Plas yn Rhiw is a grade II* listed early 17th-century manor house, which contains a stone spiral staircase.  The house is believed to be on or near the site of an earlier defended house, built by Meirion Goch in the 10th century to prevent incursions by Vikings into Porth Neigwl.  It was remodelled in 1820, when a third storey was built; a stair-wing added to the rear; and the front redesigned with a Georgian façade and 16 pane sash windows, above a ground floor verandah.  The house was restored by the Keating sisters in 1939, with advice from Clough Williams-Ellis (who designed and built Portmeiron village), and is now owned by the National Trust.  The garden lies below the house and is terraced into the slope, divided by hedges into several small compartments; there are views over Porth Neigwl and Cardigan Bay, and in spring and summer there are displays of snowdrops and bluebells.  It is the only organic National Trust garden in Wales.

Other features 
St Aelrhiw's Church was built in 1860 on the footings of an earlier church. It consists of a small nave and short chancel, with aisles to the north and south, and has boulder built walls and a slate roof. The churchyard contains the graves of some of the many bodies that were washed up at Porth Neigwl during World War I.

Capel Nebo was built in 1813 by the Congregationalists; the Wesleyan Methodists followed in 1832 at Capel Pisgah; and the Calvinistic Methodists at Capel Tan y Foel.

Hen Felin, an ancient mill, stood close to the shoreline at Porth Neigwl, and was referred to in a Crown survey of 1352.  A second mill stood above Plas yn Rhiw, fed by the holy well at Ffynnon Aelrhiw.

Bwlch y Garreg Wen, built in 1731, is a typical agricultural worker's house of the period.  It has one door, roughly in the centre of one long side, which is flanked by two small windows.  The cottage has two bedrooms, one above the other, and a ladder would have been used to reach the upper room.  This type of dwelling, known as a croglofft cottage, was to be found throughout the Llŷn Peninsula.

Tyn y Graig was built at the beginning of the 18th century, and is constructed of uncoursed boulders.  It was originally thatched, but a slate roof was later substituted.  It has two tall square capped chimneys, and contains a dairy with a loft above.

Meillionydd Fawr dates from 1616, and is to the west of Mynydd Rhiw.  It is a three-storey building with boulder-built walls and a modern slate roof, which was much altered in the 19th century.

Bryn Gwynt and Pen yr Ogof are examples of "Moonlight Cottages".  In the 17th and 18th centuries it was common for young couples to squat on land; if they were able to build a cottage over night and have smoke coming from the chimney by dawn, they could keep both the house and surrounding land.

Birdlife is abundant around the village, with common blackbirds, European robins, dunnocks, Eurasian wrens and both the song and mistle thrush.
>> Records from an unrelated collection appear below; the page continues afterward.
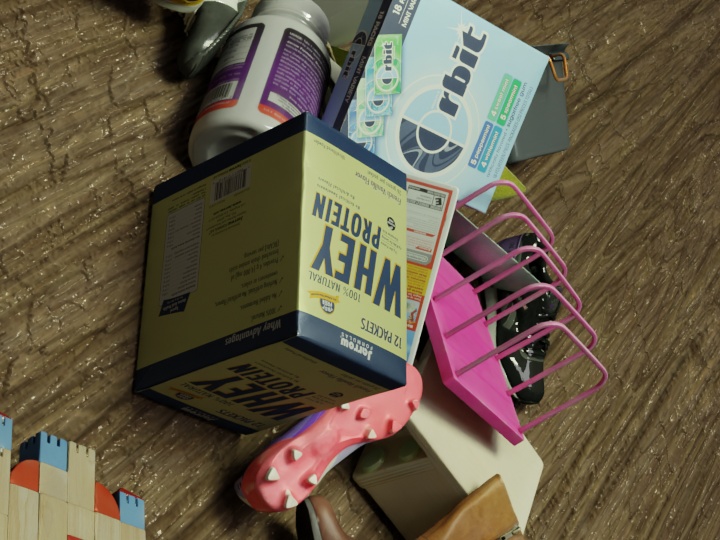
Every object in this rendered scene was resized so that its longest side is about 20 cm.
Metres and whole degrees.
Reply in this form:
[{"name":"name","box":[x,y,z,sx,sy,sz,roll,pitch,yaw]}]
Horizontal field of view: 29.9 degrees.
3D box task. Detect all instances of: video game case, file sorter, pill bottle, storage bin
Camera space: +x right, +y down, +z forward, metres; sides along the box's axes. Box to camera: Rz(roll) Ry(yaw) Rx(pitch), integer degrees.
[{"name":"video game case","box":[0.000,0.000,1.267,0.017,0.141,0.203,77,29,-83]},{"name":"file sorter","box":[0.143,0.034,1.310,0.139,0.125,0.201,42,24,-43]},{"name":"pill bottle","box":[-0.089,-0.174,1.301,0.111,0.111,0.202,43,43,-31]},{"name":"storage bin","box":[0.194,-0.204,1.681,0.199,0.144,0.136,-19,98,-54]}]

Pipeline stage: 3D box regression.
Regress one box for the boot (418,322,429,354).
[{"name":"boot","box":[0.081,0.026,1.470,0.199,0.067,0.132,37,43,-38]}]

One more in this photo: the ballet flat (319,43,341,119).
[{"name":"ballet flat","box":[-0.022,-0.149,1.419,0.067,0.062,0.202,-35,102,-53]}]

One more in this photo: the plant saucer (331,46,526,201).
[{"name":"plant saucer","box":[0.059,-0.149,1.463,0.200,0.199,0.048,41,85,-33]}]

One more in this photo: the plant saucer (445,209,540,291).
[{"name":"plant saucer","box":[0.121,-0.031,1.505,0.200,0.039,0.201,40,4,-4]}]

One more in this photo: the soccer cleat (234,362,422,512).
[{"name":"soccer cleat","box":[-0.028,0.144,1.199,0.199,0.076,0.067,-38,105,-30]}]

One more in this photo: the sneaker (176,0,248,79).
[{"name":"sneaker","box":[-0.154,-0.270,1.311,0.088,0.074,0.201,33,48,-16]}]

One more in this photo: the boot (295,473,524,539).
[{"name":"boot","box":[0.054,0.246,1.227,0.199,0.068,0.190,-29,99,-16]}]

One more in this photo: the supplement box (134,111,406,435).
[{"name":"supplement box","box":[-0.074,0.010,1.153,0.134,0.199,0.202,27,54,-42]}]

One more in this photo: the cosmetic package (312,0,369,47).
[{"name":"cosmetic package","box":[0.011,-0.312,1.426,0.107,0.198,0.086,-10,82,-56]}]

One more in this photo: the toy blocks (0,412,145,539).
[{"name":"toy blocks","box":[-0.227,0.183,0.972,0.199,0.099,0.138,31,39,-40]}]

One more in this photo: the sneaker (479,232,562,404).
[{"name":"sneaker","box":[0.198,0.054,1.587,0.075,0.087,0.203,7,68,-51]}]

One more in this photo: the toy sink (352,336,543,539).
[{"name":"toy sink","box":[0.075,0.182,1.342,0.201,0.111,0.131,53,38,-22]}]

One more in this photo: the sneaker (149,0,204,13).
[{"name":"sneaker","box":[-0.211,-0.293,1.186,0.198,0.090,0.076,8,66,-30]}]

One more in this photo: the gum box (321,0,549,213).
[{"name":"gum box","box":[0.073,-0.171,1.315,0.199,0.044,0.172,21,93,-35]}]
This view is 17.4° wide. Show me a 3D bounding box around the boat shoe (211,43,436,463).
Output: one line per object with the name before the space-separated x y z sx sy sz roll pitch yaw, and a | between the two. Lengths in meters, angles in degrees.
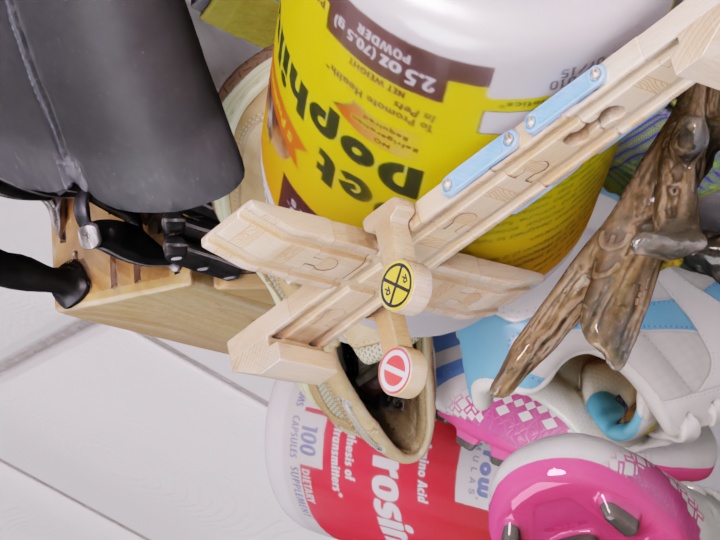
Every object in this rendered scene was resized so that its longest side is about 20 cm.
boat shoe | 0.000 0.000 0.865 0.076 0.071 0.200 51 169 36

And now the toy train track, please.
toy train track | 0.036 -0.010 0.638 0.114 0.033 0.200 13 143 -41

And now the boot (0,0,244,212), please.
boot | -0.071 -0.100 0.706 0.164 0.066 0.201 24 136 39

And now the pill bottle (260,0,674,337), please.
pill bottle | 0.027 -0.059 0.700 0.109 0.110 0.200 23 151 6

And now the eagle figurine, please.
eagle figurine | 0.166 0.012 0.695 0.199 0.151 0.152 29 142 -8

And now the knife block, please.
knife block | -0.092 -0.012 0.965 0.175 0.064 0.200 1 167 -16

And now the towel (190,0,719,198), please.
towel | 0.038 -0.070 0.829 0.199 0.023 0.144 30 159 -13

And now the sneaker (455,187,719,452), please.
sneaker | 0.116 0.029 0.864 0.199 0.081 0.076 14 161 -29

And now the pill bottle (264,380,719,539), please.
pill bottle | 0.064 0.084 1.056 0.199 0.113 0.112 11 156 36

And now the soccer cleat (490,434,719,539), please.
soccer cleat | 0.106 0.105 0.845 0.070 0.087 0.200 -19 132 26

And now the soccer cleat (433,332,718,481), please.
soccer cleat | 0.061 0.030 0.948 0.070 0.087 0.199 3 -171 -45

Eurasian curlews nest in boggy patches and northern lapwings can be seen in the fields.  European greenfinches, linnets, common whitethroats, common chaffinches and willow warblers all nest in the gorse bushes that flank the sheep pastures, along with European stonechat and the whinchat. Barn swallows, house martins and common swifts nest in the farm buildings, alongside house sparrows and white wagtails, while the woodlands are the haunt of the Eurasian nuthatch, common treecreeper, great spotted woodpecker and European green woodpecker.  common wood pigeons, stock doves and Eurasian collared doves also breed in the woods, along with the Eurasian woodcock. The long-tailed tit nests in dense thickets of blackthorn and gorse, while the reed bunting, common moorhen and common snipe raise their young in the marshes.  Three species of owl nest around the village, and the Eurasian sparrowhawk, common kestrel, merlin and common buzzard can all be seen hunting.  On the coastal cliffs, peregrine falcons and red-billed chough are found, with rock pipits inhabiting the rocks above the tide line.  Great cormorants and European shags, common guillemots, razorbills and European herring gulls all nest on these cliffs, as does the northern fulmar.